TASK TO CARRY OUT:
Repeat the lines of the listing below exactly, starting at the line that contains "855, 1132, 892]." and running through the last line, both included, and only those.

[Start of section]

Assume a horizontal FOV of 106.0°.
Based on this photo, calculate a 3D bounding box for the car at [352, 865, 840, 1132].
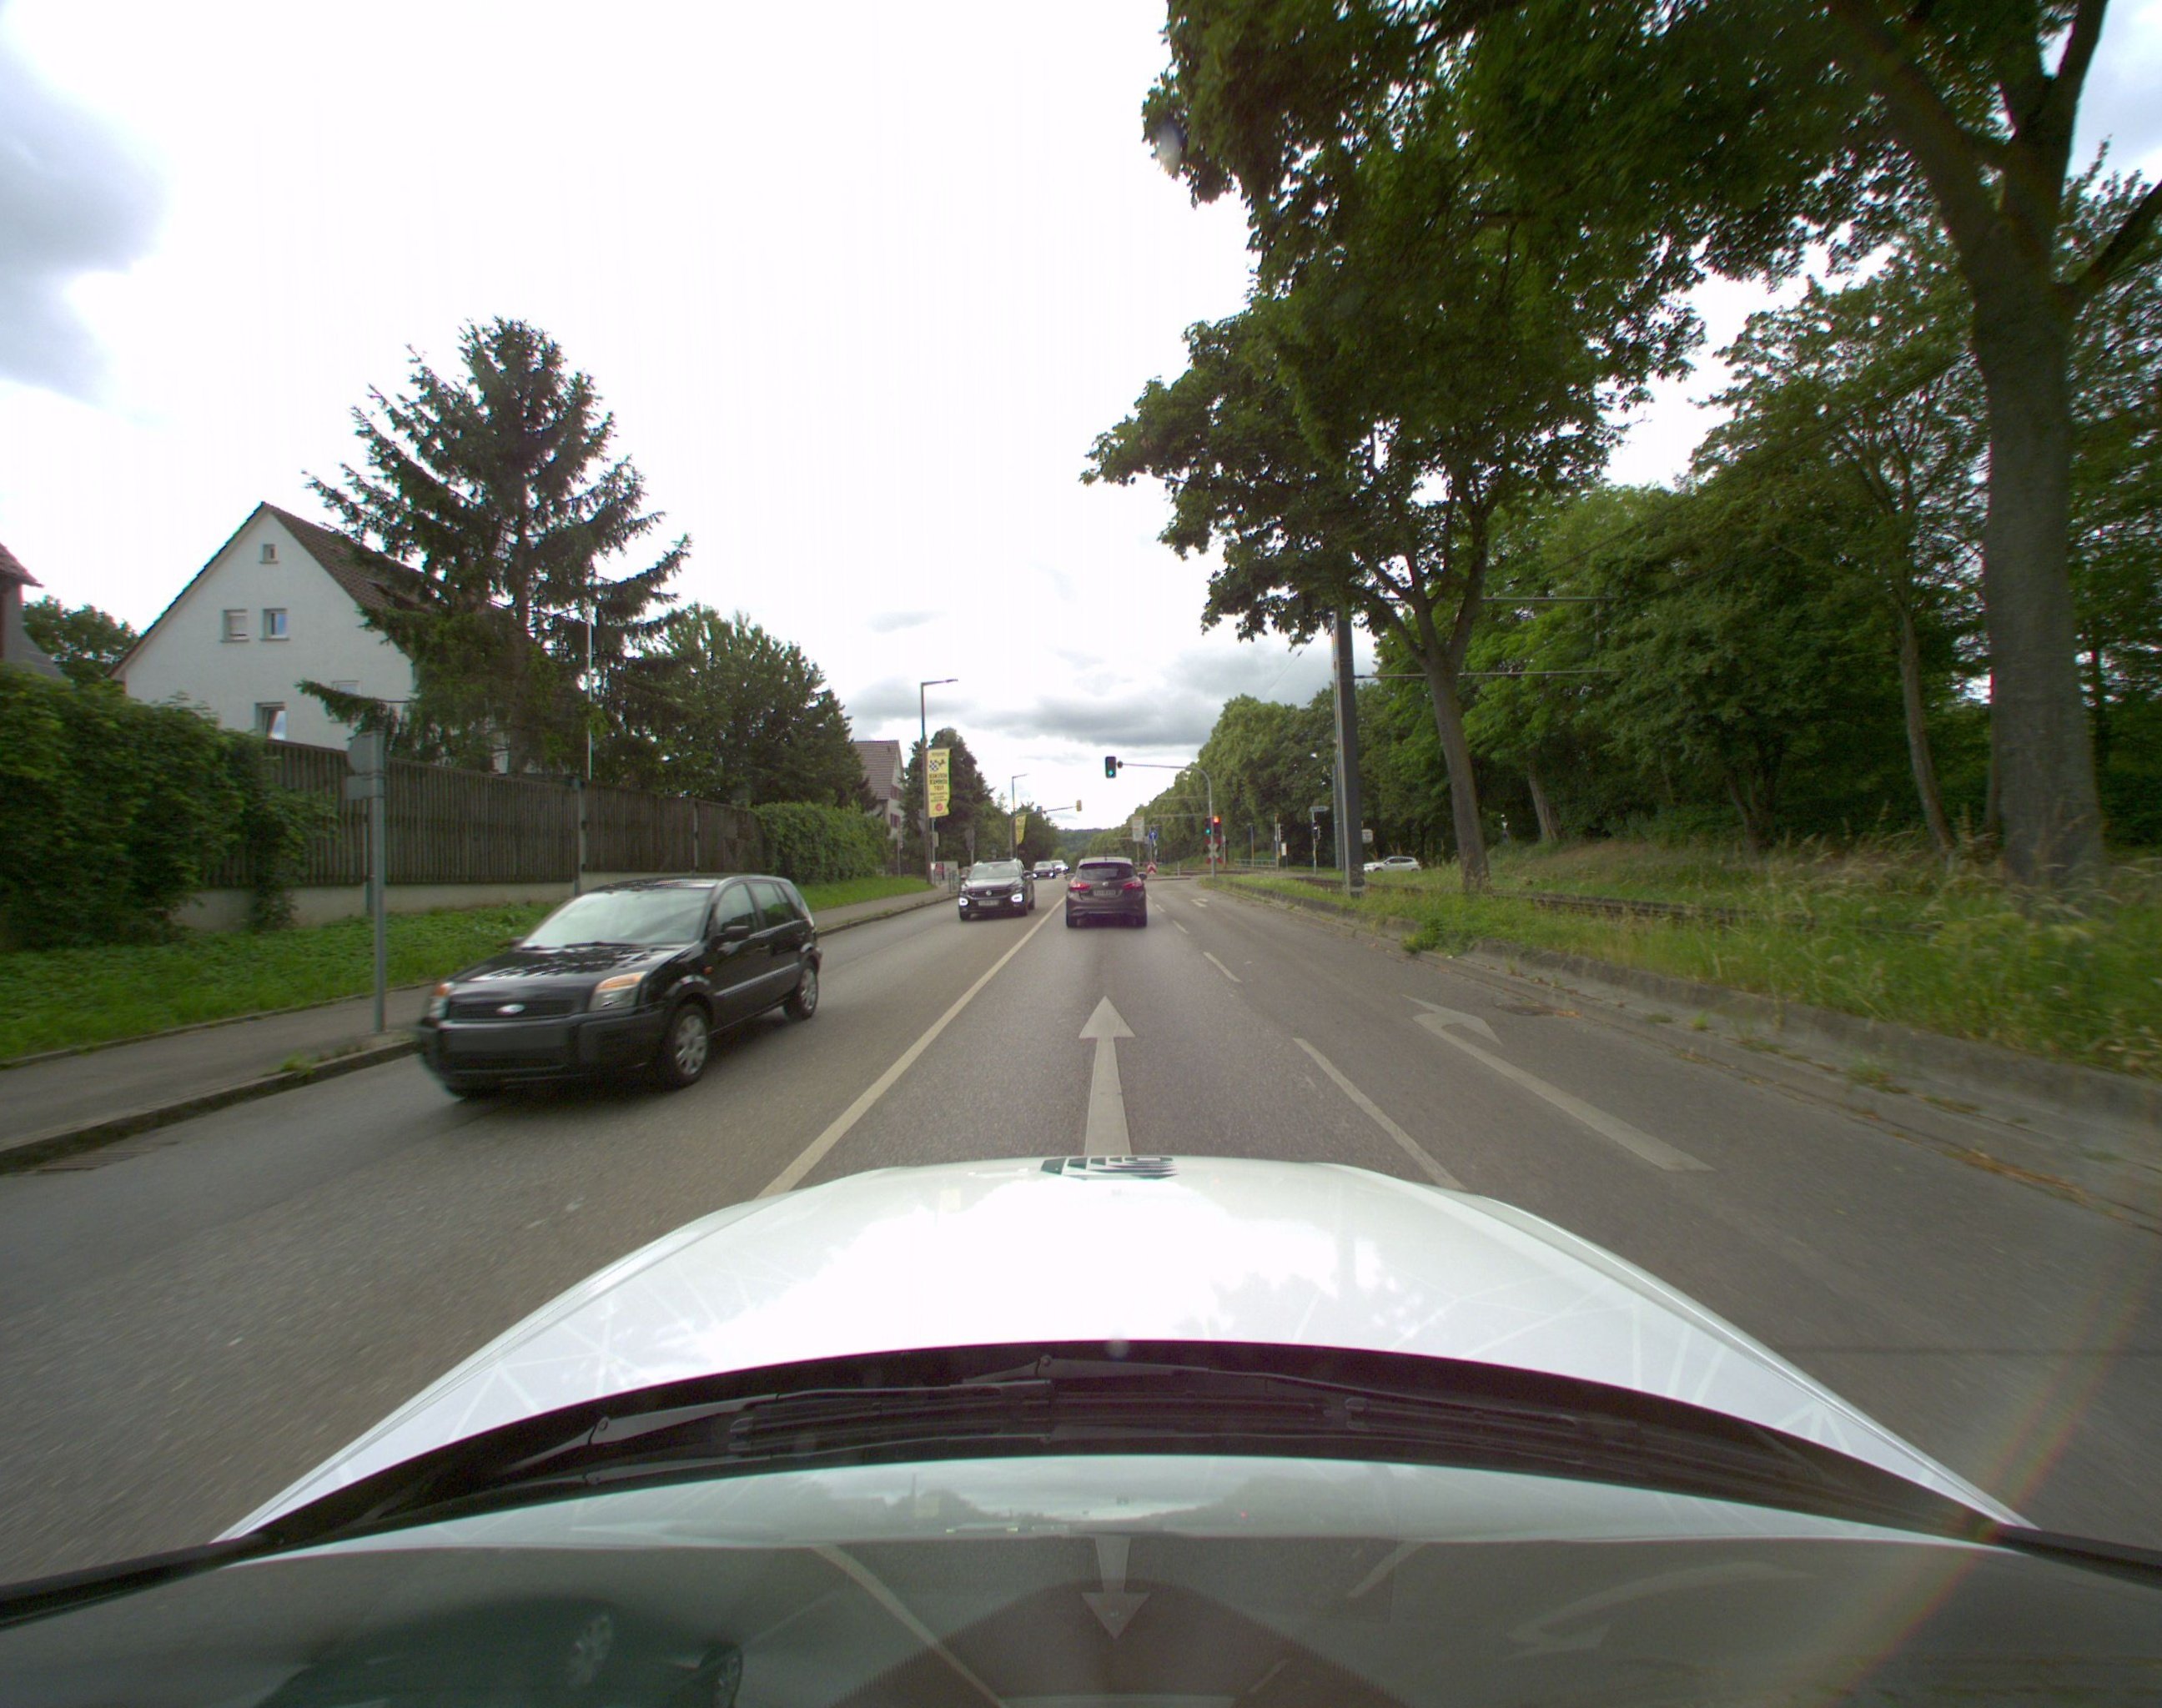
[{"bbox_3d":[-3.578,0.910,7.040,1.637,1.481,4.107,-4,0,0],"label":"car"}]

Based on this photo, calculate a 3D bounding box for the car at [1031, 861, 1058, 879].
[{"bbox_3d":[-2.907,1.284,66.224,1.805,1.373,4.163,1,0,2],"label":"car"}]

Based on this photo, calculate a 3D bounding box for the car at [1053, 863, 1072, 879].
[{"bbox_3d":[-1.858,1.676,82.039,1.813,1.567,5.204,-1,0,0],"label":"car"}]

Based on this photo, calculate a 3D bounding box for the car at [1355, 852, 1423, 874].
[{"bbox_3d":[21.536,0.616,56.965,3.979,1.354,1.997,2,0,-4],"label":"car"}]

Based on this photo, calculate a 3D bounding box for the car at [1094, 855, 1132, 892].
[{"bbox_3d":[1.430,0.822,36.272,1.533,1.478,3.766,-3,0,2],"label":"car"}]

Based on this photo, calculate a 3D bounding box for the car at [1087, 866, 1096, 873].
[{"bbox_3d":[2.184,3.251,169.983,1.736,1.310,4.000,0,0,0],"label":"car"}]

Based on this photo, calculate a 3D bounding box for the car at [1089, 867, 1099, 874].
[{"bbox_3d":[2.351,3.005,149.633,1.736,1.310,4.000,0,0,0],"label":"car"}]

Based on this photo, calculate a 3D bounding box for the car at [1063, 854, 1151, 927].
[{"bbox_3d":[0.619,0.764,19.297,1.828,1.519,4.485,0,0,2],"label":"car"}]

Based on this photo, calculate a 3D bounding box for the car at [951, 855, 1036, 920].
[{"bbox_3d":[-2.326,0.854,22.633,1.806,1.524,4.177,-4,0,0],"label":"car"}]

[End of section]

ANSWER TO THE PROBLEM:
Based on this photo, calculate a 3D bounding box for the car at [1094, 855, 1132, 892].
[{"bbox_3d":[1.430,0.822,36.272,1.533,1.478,3.766,-3,0,2],"label":"car"}]

Based on this photo, calculate a 3D bounding box for the car at [1087, 866, 1096, 873].
[{"bbox_3d":[2.184,3.251,169.983,1.736,1.310,4.000,0,0,0],"label":"car"}]

Based on this photo, calculate a 3D bounding box for the car at [1089, 867, 1099, 874].
[{"bbox_3d":[2.351,3.005,149.633,1.736,1.310,4.000,0,0,0],"label":"car"}]

Based on this photo, calculate a 3D bounding box for the car at [1063, 854, 1151, 927].
[{"bbox_3d":[0.619,0.764,19.297,1.828,1.519,4.485,0,0,2],"label":"car"}]

Based on this photo, calculate a 3D bounding box for the car at [951, 855, 1036, 920].
[{"bbox_3d":[-2.326,0.854,22.633,1.806,1.524,4.177,-4,0,0],"label":"car"}]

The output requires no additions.